[Opening AVAILABLE RECORDS section]

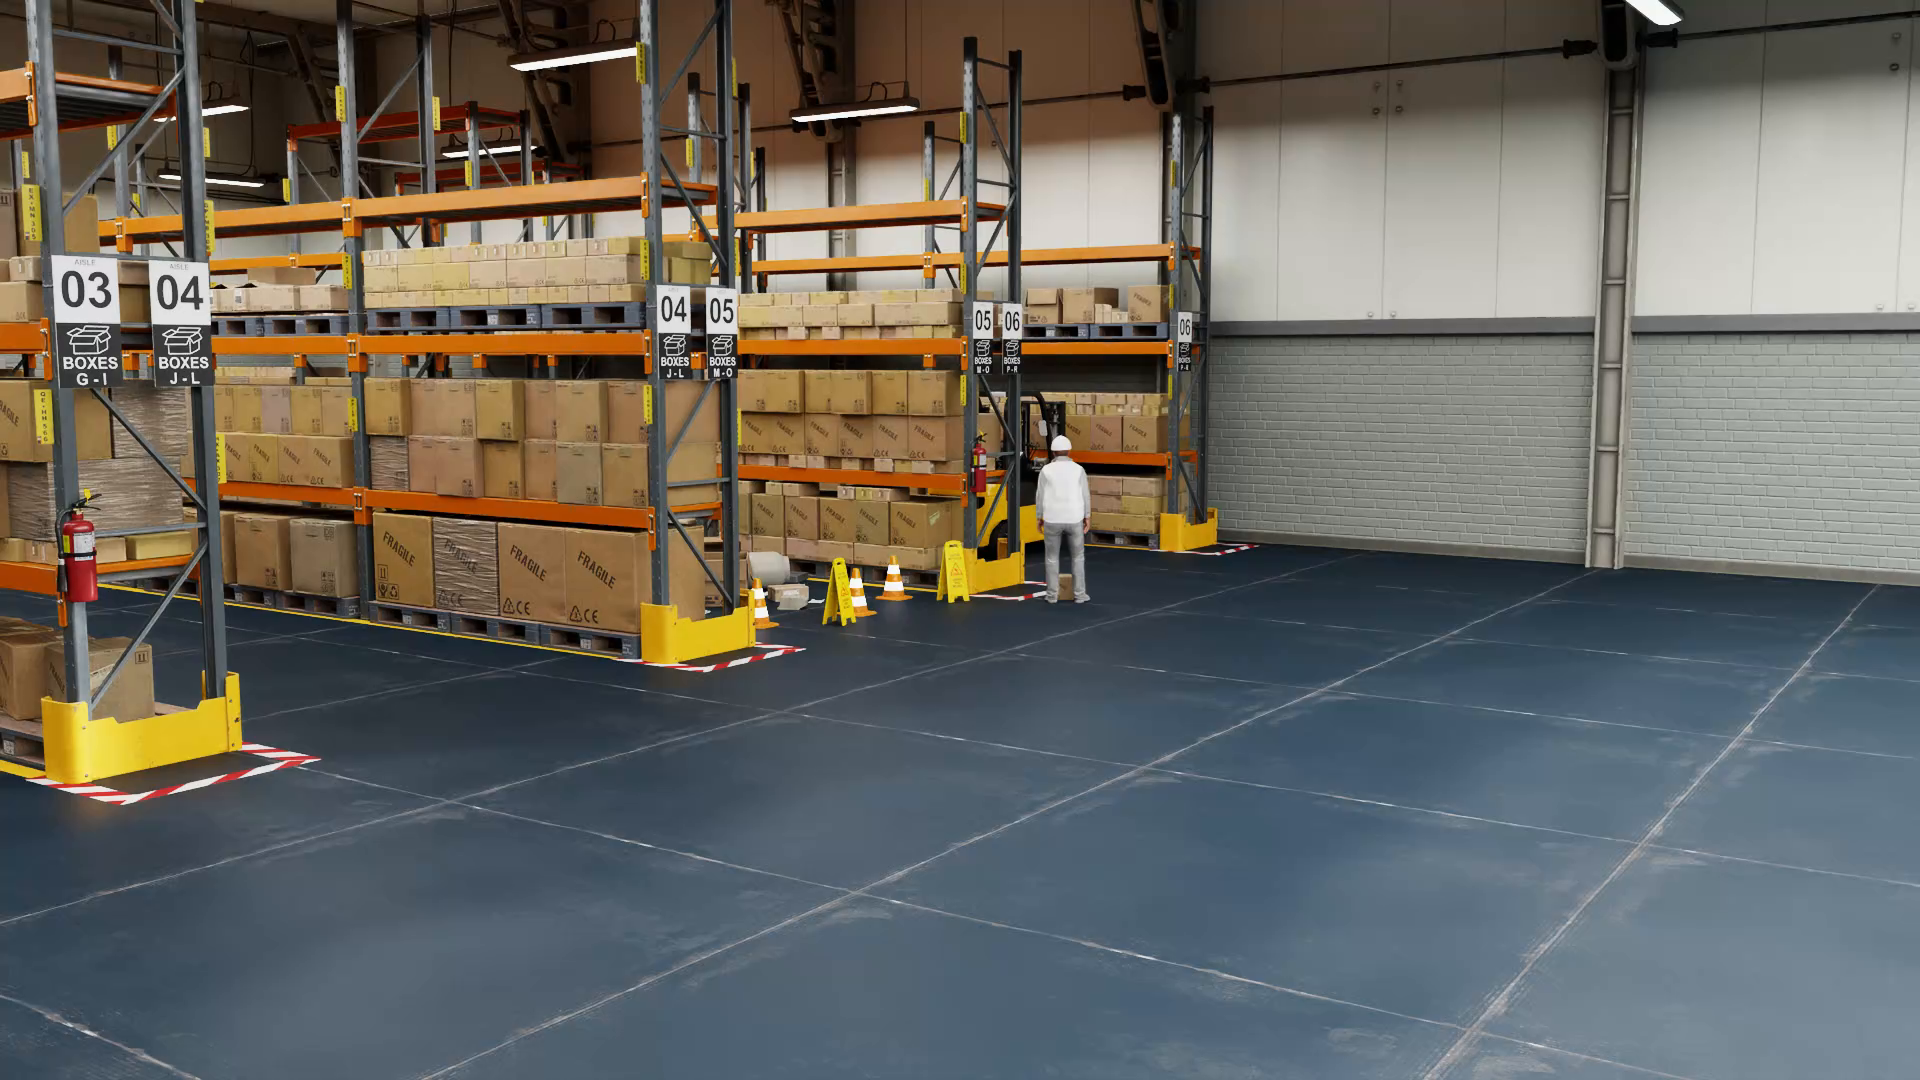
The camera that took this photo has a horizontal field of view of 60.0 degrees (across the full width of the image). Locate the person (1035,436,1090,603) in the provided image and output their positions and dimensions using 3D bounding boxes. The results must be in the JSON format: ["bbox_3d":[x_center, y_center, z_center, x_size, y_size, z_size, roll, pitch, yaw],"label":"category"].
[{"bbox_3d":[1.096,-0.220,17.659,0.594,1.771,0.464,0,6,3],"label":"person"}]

[Closing AVAILABLE RECORDS section]
[Opening AVAILABLE RECORDS section]

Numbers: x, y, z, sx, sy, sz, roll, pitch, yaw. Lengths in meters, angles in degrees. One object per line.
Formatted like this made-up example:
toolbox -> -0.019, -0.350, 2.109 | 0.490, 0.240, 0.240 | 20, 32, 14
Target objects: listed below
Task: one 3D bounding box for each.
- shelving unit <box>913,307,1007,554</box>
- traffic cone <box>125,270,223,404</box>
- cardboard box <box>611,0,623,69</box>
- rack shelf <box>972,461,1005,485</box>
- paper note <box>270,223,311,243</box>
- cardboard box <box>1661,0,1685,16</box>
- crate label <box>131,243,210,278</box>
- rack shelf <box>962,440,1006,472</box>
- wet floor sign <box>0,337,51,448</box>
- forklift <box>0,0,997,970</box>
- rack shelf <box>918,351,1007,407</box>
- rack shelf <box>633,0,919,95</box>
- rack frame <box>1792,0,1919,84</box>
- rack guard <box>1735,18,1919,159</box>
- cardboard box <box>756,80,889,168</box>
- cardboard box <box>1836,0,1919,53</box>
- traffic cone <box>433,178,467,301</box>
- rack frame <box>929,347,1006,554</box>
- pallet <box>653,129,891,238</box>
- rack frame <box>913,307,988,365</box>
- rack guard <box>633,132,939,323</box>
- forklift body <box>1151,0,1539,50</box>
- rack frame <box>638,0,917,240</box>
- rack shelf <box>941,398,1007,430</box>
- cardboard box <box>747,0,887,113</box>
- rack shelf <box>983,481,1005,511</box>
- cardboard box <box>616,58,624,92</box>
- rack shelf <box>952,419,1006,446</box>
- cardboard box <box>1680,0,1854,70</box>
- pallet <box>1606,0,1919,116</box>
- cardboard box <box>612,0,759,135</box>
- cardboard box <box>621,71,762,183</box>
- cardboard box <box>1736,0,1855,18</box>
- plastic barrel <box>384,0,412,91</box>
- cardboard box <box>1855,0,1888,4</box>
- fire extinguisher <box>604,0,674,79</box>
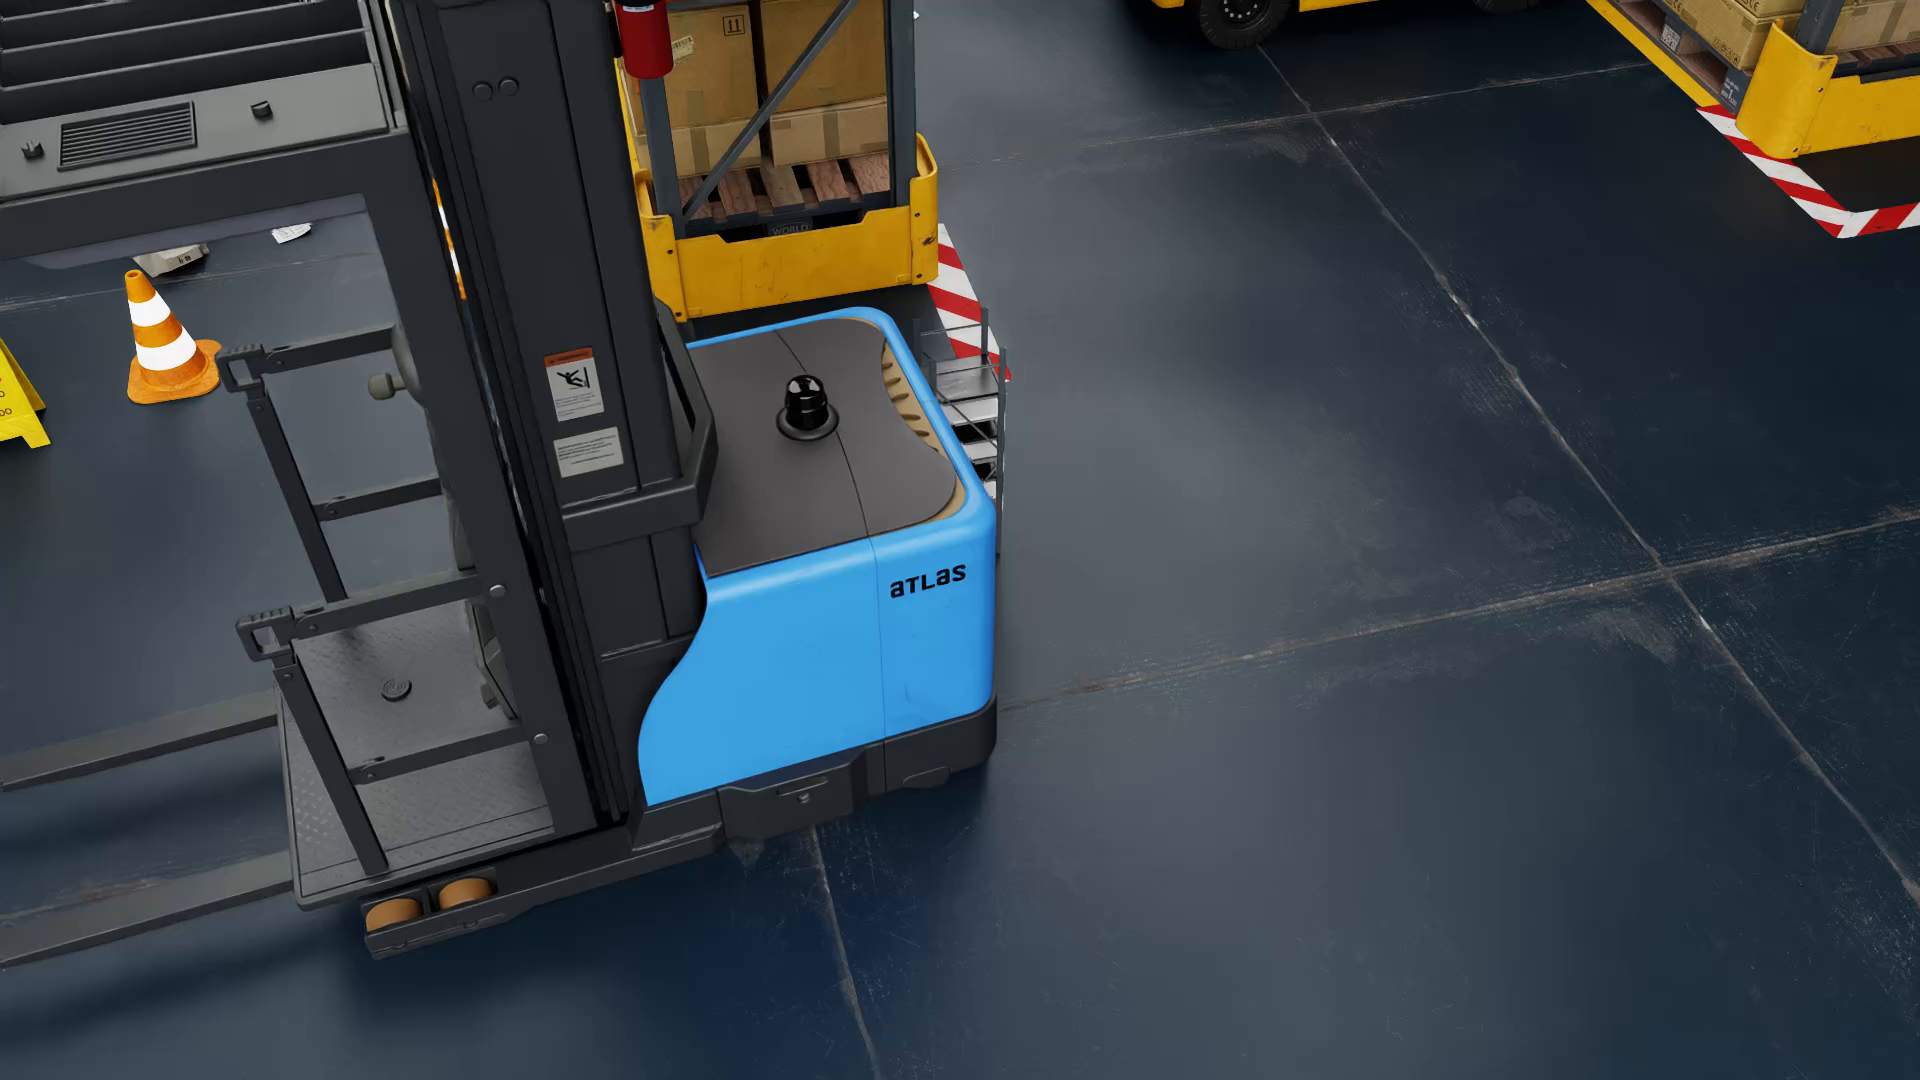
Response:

[Closing AVAILABLE RECORDS section]

▸ **INSTRUCTIONS FOR THE TASK**
Scan the material above for the string "guard" and report each line where you find it.

▸ **REPLY**
- rack guard <box>1735,18,1919,159</box>
- rack guard <box>633,132,939,323</box>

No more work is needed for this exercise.